The generation of the VBASE2 database was previously described (Retter et al. 2005). The VBASE2 database currently holds for the human 61 heavy chain variable gene segments, 50 kappa light chain variable gene segments and 49 lambda light chain variable gene segments of Class 1. For the mouse, the database keeps 153 heavy chain variable gene segments, 77 kappa light chain variable gene segments and three lambda light chain sequences of Class 1. The complete statistics of the database can be accessed under the V Gene Statistics section of the website menu (Fig. 1.1). From the Internet page, the user can make a query in the VBASE2 database and view all gene entries of a class by simply clicking on the referring number in the statistics table. The user can also download the V gene sequences contained in the VBASE2 database under the Download section of the website menu. Each V gene segment present in the VBASE2 database has a unique identification number. Behind this number, an individual V gene segment entry is present in the database, which provides key information of a given gene. An example of such an entry is shown in Fig. 1.2.
This is an example of a Class 1 sequence indicating that both the germline gene and the rearrangements are known. The functionality is indicated. All known sequence names are presented. The V gene family is given and the date of the last update is provided.
Both the nucleotide and the protein sequences are shown in FASTA format (and can be easily copied for further analyses and storage). The position of key features of the nucleotide sequence, such as framework regions (FR) and complementary determining regions (CDR), is indicated, and the positions of the three most conserved amino acids are given. The source of both the genomic and the rearranged sequence are shown, and, finally, cross references to the other three major V gene databases, VBASE (in case of human sequences) (http://vbase.mrc-cpe.cam. ac.uk/), IMGT (Lefranc et al. 1999), and KABAT (Johnson and Wu 2001) are provided.
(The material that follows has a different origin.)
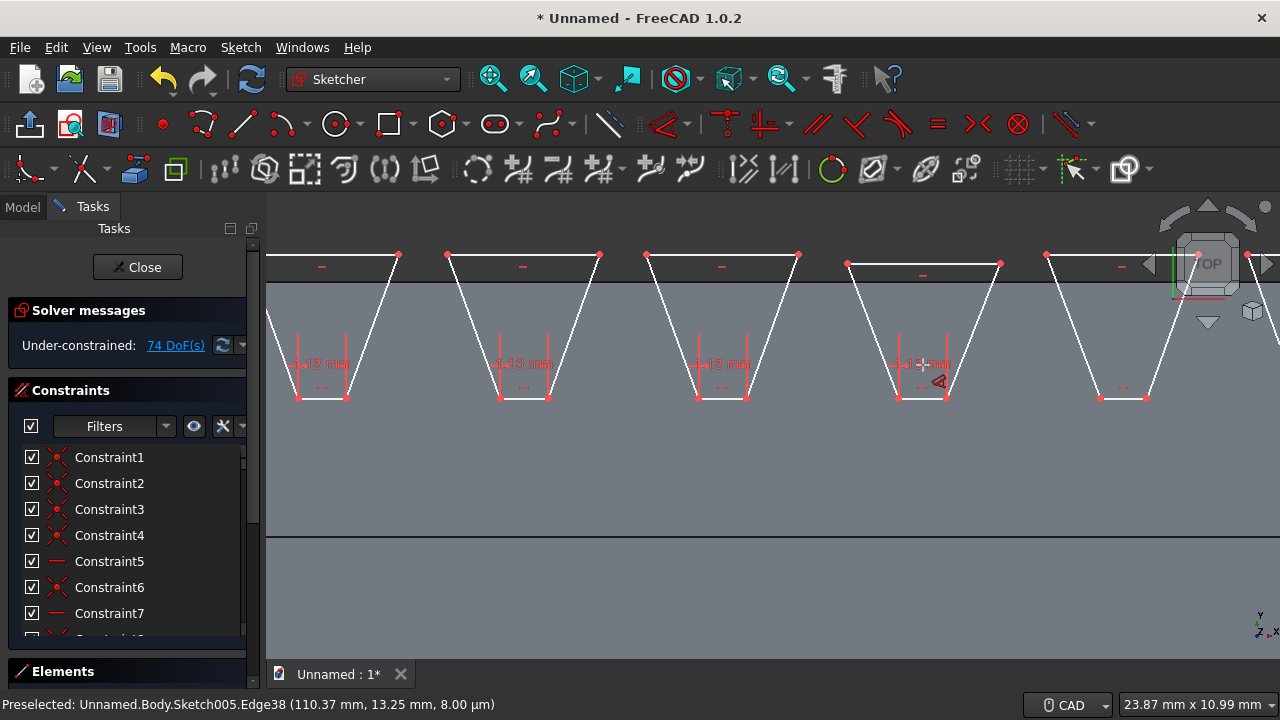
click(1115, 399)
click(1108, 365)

Statistics of V gene sequences in VBASE2
Class 1 sequences are supported by a genomic sequence and a rearrangement.
Class 2 contains sequences with genomic evidence only and class 3 holds sequences which have been found in rearrangements only.
Fig. 1.1 Statistics of the V gene segments present in VBASE2
Fig. 1.2 Example of a VBASE2 entry (ID humIGHV047)
How to Use the Fab Analysis Tool
The antibody consists of two polypeptide chains, the heavy and the light chain. The DNAPLOT Query tool allows the analysis of both heavy and light chains, but the sequences have to be input separately. As nowadays many antibody sequences are generated from phage display libraries, it is necessary to provide a way to analyse both the variable region of a heavy chain and of a light chain at the same time. For this purpose we created a new tool, which we termed the Fab Analysis tool (Mollova et al. 2007). It is available from the menu of the VBASE2 website. Once the menu line is selected the input box of the Fab Analysis tool opens (Fig. 1.3).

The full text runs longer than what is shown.